Healing power of soft robotics
When 50-year-old Madam Lim experienced a stroke in January this year, the movement of the right side of her body became impaired.
She was hospitalised for three months, during which she underwent an intense rehabilitation regime that involved numerous physiotherapy sessions.
Upon her discharge, she was advised to continue these prescribed exercises at home with the help of a caregiver and family members. Frequent visits back to the hospital were required to monitor her progress.
As the silver tsunami hits Singapore, a growing proportion of our population will, like Madam Lim, experience some form of age-related ailment that compromises mobility.
As recovery is a long process, the strain on healthcare resources is expected to increase exponentially, with demand for occupational therapists and physiotherapists outpacing supply.

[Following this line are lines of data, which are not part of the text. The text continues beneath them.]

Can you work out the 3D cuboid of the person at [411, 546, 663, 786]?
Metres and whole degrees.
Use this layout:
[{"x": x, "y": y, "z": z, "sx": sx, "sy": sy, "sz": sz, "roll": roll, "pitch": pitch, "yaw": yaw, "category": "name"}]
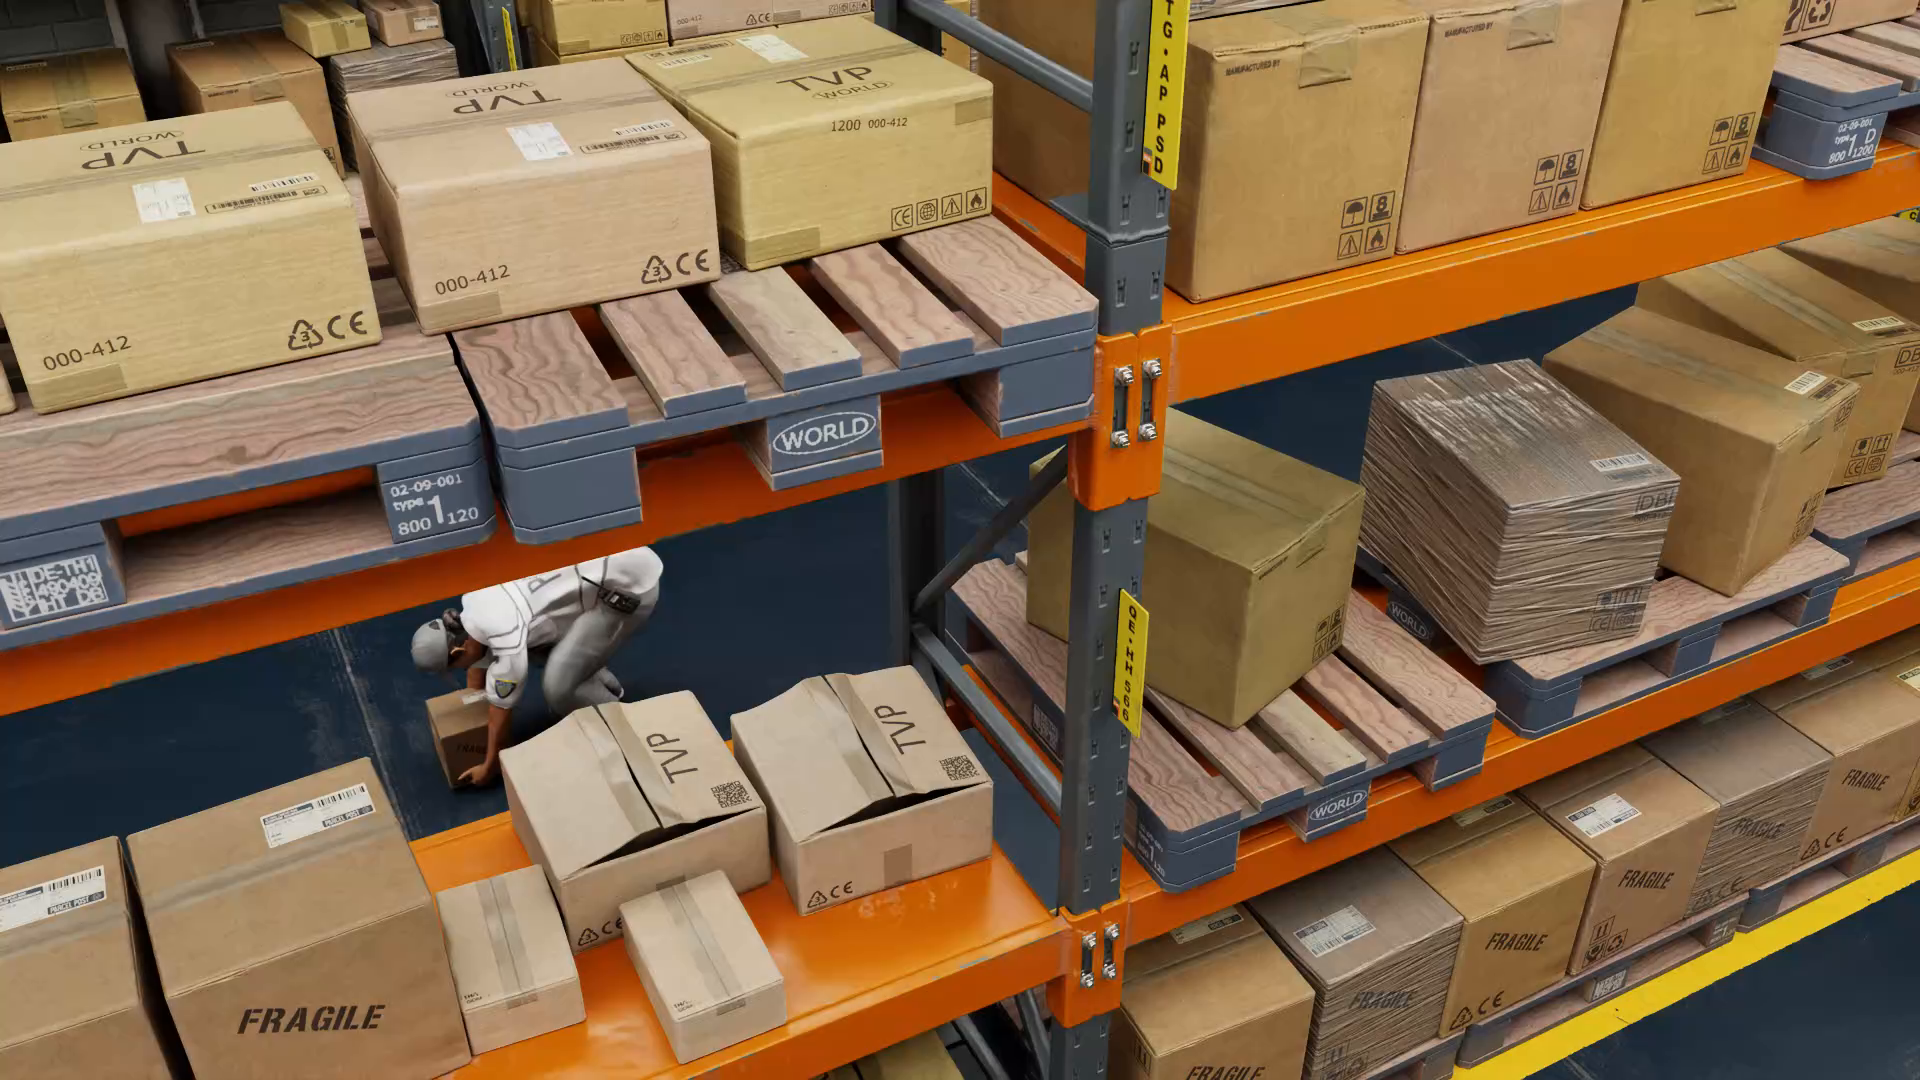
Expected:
[{"x": -1.566, "y": 0.411, "z": 6.222, "sx": 0.915, "sy": 0.886, "sz": 0.520, "roll": -18, "pitch": 37, "yaw": -25, "category": "person"}]

Thanks to researchers from the National University of Singapore’s (NUS) Department of Biomedical Engineering, help is at hand — in the form of robotic devices that are making their way into clinics and hospitals.
Although robots have more commonly been deployed in industrial settings such as manufacturing, recent advances in technology have made them more compact and consumer-friendly, and hence better able to move beyond the assembly line into other domains such as healthcare.
On 20 July 2017, the Institute of Engineers Singapore (IES) conferred IES Prestigious Engineering Achievement Awards on two NUS inventions — a soft robotic glove (EsoGlove) and a soft robotic sock (SRS) for physical rehabilitation — in recognition of their innovative use of technology and potential to improve quality of life.
NUS Assistant Professor Raye Yeow, who leads both projects, spoke to TechNews about how soft robotics is fast becoming part of the biomedical scene of the future.
Engineering soft hardware
Robots are often thought of as cold, hard machines with metal joints and rigid movements.
Yet, the robotics being built by Professor Yeow’s team are soft and pliable — the EsoGlove and the SRS both employ soft pneumatic actuators which are, in essence, elastic materials with variable stiffness along their lengths, through which air is pumped to generate movement.
The EsoGlove helps patients with hand motor impairments to perform at-home rehabilitation and day-to-day tasks.
The SRS, meanwhile, is targeted at bedridden patients who are at high risk of deep vein thrombosis and ankle joint contractures due to prolonged immobility; the sock assists them with ankle exercises that promote blood flow and ankle mobility.
“Using low-pressure pneumatics, the EsoGlove can provide finger flexion and extension assistance. A similar technology is used in the SRS which can provide both pull-and-push assistance on the foot to facilitate ankle exercise,” said Professor Yeow.
He added that compared with conventional robotics, soft robotics are lightweight, easily customisable to mimic the natural range of movements of human joints and inexpensive to produce.
The greatest challenge the teams faced in developing the two soft robotics devices was in meeting the special clinical needs of stroke patients, said Professor Yeow.
For example, given that such patients tend to have contracted, stiff joints, glove and sock had to be both wearable and functionally safe.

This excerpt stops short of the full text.